Draw allows you to drawn strings or graphics as you would expect.
The minimal class diagram looks like this:
See the note on each class above for its core purpose.
The game is organized around two screens, the title screen serving as the introduction, and the main game screen. The overall AlienAttackGame class manages which of the two screens should be active by asking the current screen to return what should be the next screen once its update is complete. So for example when the TitleScreen detects that the Enter key has been pressed, it will return the GameScreen as the next screen to display. The game will then instantiate the Game screen and make it the active screen.
The GameScreen implementation consists of implementing its visual components in the following sequence:
- the mothership (known as the “player” in the book – I renamed to make it sound more fun.
- the laser shots appearing when the gamer hits the space key
- the enemies and their random laser shots
- the explosions triggered when collision occurs
- the scoreboard
I used a combination of the prefabricated graphics and sounds available on the Coding4Fun web site. But I also made my own custom graphics and titles using Adobe Photoshop Elements (but you can also use Microsoft Expression Designer, Paint.NET or your favorite graphical designer).
To make it easier for the visual components to be animated, a “sprite” model is used. This is a class which will keep track of the individual graphics (frames) making up the animation. For example the laser shots animation toggles between two images, while the explosion uses 10 images:
So for each visual component, a subclass of Sprite is created. The most complex component is the EnemyGroup which manages the matrix of enemies and make it move back and forth across the screen, while firing laser shots randomly!
The full class diagram once the game is complete looks like this:
It takes a few hours to implement the game using the book and if you follow an even more incremental approach than what the book recommends, you can see the game evolve pretty well and have quite a bit of fun along the way!

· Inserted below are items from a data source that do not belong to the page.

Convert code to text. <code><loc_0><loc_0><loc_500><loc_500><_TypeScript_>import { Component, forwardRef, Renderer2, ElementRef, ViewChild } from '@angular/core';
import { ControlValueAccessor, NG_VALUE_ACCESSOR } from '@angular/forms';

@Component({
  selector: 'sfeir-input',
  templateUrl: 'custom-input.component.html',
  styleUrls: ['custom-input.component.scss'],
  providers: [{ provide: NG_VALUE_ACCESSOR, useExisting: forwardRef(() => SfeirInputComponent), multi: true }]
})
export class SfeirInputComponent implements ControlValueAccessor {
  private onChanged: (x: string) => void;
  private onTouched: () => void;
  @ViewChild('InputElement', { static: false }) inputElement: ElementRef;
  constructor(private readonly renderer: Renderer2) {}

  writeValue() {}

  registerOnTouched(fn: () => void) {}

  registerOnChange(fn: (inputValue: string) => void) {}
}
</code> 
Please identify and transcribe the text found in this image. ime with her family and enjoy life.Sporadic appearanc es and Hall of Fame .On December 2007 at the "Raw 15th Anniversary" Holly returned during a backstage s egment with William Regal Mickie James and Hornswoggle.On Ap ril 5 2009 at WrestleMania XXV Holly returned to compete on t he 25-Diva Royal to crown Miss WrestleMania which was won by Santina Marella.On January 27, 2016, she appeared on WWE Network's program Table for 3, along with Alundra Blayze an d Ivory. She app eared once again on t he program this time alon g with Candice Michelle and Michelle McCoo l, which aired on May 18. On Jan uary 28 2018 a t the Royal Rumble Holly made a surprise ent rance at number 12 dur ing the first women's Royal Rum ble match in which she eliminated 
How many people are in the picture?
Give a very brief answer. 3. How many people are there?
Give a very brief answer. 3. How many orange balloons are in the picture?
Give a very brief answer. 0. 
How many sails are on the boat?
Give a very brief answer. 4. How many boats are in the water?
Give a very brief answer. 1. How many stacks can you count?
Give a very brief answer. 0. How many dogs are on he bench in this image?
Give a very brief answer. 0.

Once you get the architecture of the game you can proceed with more refinements, for example:
- Play with textures on individual frames and objects
- Customize the graphics and sounds
- Implement multiple enemy groups to make the game harder
- Implement more complex collision detection
- Vary speed and complexity based on levels
A few things to note as well:
- XNA supports the Zune (I did not try that out since I have an iPod) and of course the XBox
- Silverlight currently does not support XNA directly although SilverSprite, an open source project provide some amount of cross-platform support
- Games can be written in most CLR-based languages. One of the next things I will play with is to use IronRuby to write the game.
I hope that this post will encourage more people to try XNA for game development!